In seinem Essay mit dem Titel „The Future is for Everyone: The Path to a Positive AI Future" wandte sich Zuckerberg gegen den pessimistischen Ton, der einen Großteil des aktuellen KI-Diskurses prägt.

„Ich persönlich mache mir mehr Sorgen um Zentralisierung als um die spezifischen Risiken, über die andere sprechen", sagte er in einem Interview.

Zuckerberg argumentierte, dass die Konzentration von Superintelligenz in den Händen weniger „natürlich zu Ergebnissen führen wird, die für alle anderen weniger günstig sind", und fügte hinzu: „Es gibt keine solche Sache wie eine einzelne wohlwollende Superintelligenz."

Er schlug eine alternative Vision vor, die auf drei Prinzipien beruht: individuelle Ermächtigung als Quelle des Wohlstands, Erfindung statt Automatisierung als Hauptzweck von KI und ein Gleichgewicht der Mächte als Grundlage für Sicherheit.

Zur Geopolitik warnte Zuckerberg, dass US-Vorschriften, die amerikanische Modellveröffentlichungen auch nur um einen Monat verzögern, dem Land seinen Wettbewerbsvorsprung kosten könnten, während ausländische Modelle weiter vorankommen. Diese Darstellung spiegelt eine branchenweite Sorge wider, dass eine restriktive Innenpolitik terrain an Open-Modelle aus China abtreten könnte, wo Akteure wie DeepSeek und das Qwen-Team von Alibaba wettbewerbsfähige Open-Weight-Modelle veröffentlicht haben.

Unabhängiges Sicherheitsgremium und 1-Milliarde-Dollar-Gemeindefonds

Um den mit offenen Veröffentlichungen verbundenen Sicherheitsbedenken zu begegnen, führt Meta neue Governance-Strukturen ein.
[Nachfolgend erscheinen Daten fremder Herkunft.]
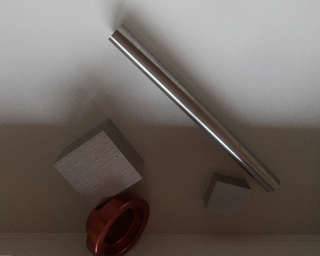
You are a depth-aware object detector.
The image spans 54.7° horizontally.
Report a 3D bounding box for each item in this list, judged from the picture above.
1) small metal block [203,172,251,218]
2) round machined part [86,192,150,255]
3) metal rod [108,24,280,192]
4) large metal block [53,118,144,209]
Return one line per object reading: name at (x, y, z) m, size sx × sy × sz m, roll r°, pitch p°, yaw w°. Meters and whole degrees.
small metal block at (0.096, 0.097, 0.449) m, size 0.050 × 0.025 × 0.050 m, roll 15°, pitch 109°, yaw -6°
round machined part at (-0.063, 0.132, 0.431) m, size 0.042 × 0.099 × 0.097 m, roll 27°, pitch 114°, yaw 33°
metal rod at (0.054, -0.016, 0.406) m, size 0.300 × 0.025 × 0.025 m, roll 42°, pitch 104°, yaw -15°
large metal block at (-0.078, 0.047, 0.414) m, size 0.080 × 0.050 × 0.080 m, roll -33°, pitch 107°, yaw 11°
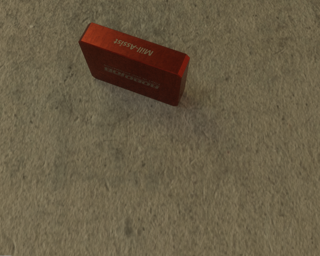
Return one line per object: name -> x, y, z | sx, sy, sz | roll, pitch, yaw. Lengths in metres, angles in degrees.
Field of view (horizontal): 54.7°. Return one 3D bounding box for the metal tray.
metal tray -> -0.031, -0.079, 0.401 | 0.131, 0.090, 0.030 | 20, 72, 7
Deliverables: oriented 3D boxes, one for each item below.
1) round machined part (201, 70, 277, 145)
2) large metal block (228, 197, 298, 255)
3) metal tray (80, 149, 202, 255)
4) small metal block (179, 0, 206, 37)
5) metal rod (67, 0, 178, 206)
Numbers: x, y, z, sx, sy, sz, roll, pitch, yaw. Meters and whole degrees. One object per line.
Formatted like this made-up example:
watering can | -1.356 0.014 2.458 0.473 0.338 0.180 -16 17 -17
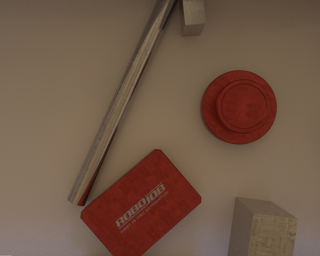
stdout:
round machined part | 0.104 -0.027 0.404 0.099 0.042 0.097 0 90 -1
large metal block | 0.124 0.137 0.386 0.050 0.080 0.080 8 90 0
metal tray | -0.024 0.100 0.403 0.130 0.030 0.090 -40 90 -6
small metal block | 0.040 -0.151 0.399 0.025 0.050 0.050 -6 90 0
metal rod | -0.049 -0.039 0.410 0.025 0.025 0.299 24 90 -1

Zuckerberg sagte, ein unabhängiges Gremium werde die Befugnis haben, die Sicherheitskriterien zu genehmigen, die Modellveröffentlichungen steuern, und zu überprüfen, ob einzelne Veröffentlichungen diese Standards erfüllen. Das Gremium werde dazu beitragen sicherzustellen, dass offene Veröffentlichungen „strengen Sicherheitsstandards entsprechen".
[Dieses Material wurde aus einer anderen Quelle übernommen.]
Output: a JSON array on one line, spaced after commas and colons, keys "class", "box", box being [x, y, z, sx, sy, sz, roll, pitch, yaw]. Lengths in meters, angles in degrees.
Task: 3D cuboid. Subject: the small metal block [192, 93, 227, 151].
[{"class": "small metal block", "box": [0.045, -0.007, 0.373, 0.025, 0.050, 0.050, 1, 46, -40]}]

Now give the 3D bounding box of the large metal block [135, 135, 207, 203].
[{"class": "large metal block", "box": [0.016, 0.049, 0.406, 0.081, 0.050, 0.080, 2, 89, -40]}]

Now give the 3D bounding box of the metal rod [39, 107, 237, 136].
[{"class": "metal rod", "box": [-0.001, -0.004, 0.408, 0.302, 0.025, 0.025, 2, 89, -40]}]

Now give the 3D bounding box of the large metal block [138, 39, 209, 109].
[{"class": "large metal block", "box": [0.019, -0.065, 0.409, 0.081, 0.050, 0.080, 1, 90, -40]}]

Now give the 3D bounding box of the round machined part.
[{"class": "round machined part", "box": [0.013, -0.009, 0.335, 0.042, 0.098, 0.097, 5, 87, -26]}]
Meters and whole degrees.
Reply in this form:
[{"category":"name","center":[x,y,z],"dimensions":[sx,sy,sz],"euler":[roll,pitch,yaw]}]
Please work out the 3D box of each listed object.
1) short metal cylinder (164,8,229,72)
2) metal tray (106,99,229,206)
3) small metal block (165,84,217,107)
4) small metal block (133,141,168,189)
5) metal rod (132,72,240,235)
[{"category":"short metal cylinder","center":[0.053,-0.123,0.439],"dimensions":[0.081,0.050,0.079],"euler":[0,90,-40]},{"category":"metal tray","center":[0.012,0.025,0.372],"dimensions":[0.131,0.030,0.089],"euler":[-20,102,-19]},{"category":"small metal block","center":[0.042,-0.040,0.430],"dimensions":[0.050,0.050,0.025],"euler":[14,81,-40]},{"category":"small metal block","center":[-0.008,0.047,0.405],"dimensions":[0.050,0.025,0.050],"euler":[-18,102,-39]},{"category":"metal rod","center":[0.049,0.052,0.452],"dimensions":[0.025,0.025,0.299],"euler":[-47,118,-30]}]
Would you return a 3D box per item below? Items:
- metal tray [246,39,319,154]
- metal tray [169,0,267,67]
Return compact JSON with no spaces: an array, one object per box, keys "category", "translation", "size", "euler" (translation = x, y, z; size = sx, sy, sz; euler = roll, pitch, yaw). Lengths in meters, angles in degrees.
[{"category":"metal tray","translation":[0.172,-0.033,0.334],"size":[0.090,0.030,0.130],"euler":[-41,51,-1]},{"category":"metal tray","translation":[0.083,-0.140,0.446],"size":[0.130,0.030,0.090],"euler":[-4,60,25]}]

Zuckerberg kündigte zudem einen „Future is for Everyone Fund" in Höhe von 1 Milliarde Dollar an, der sich an US-Gemeinden richtet, in denen sich Meta-Rechenzentren befinden. Der Fonds wird Lehrer, Ersthelfer sowie lokale Energie- und Wasserinfrastruktur unterstützen. Die Initiative wird weithin als Versuch angesehen, der wachsenden lokalen Opposition gegen den Bau von Rechenzentren in den Vereinigten Staaten entgegenzuwirken, wo der Energiebedarf von KI-Infrastruktur in mehreren Bundesstaaten Widerstand von Anwohnern und Abgeordneten ausgelöst hat.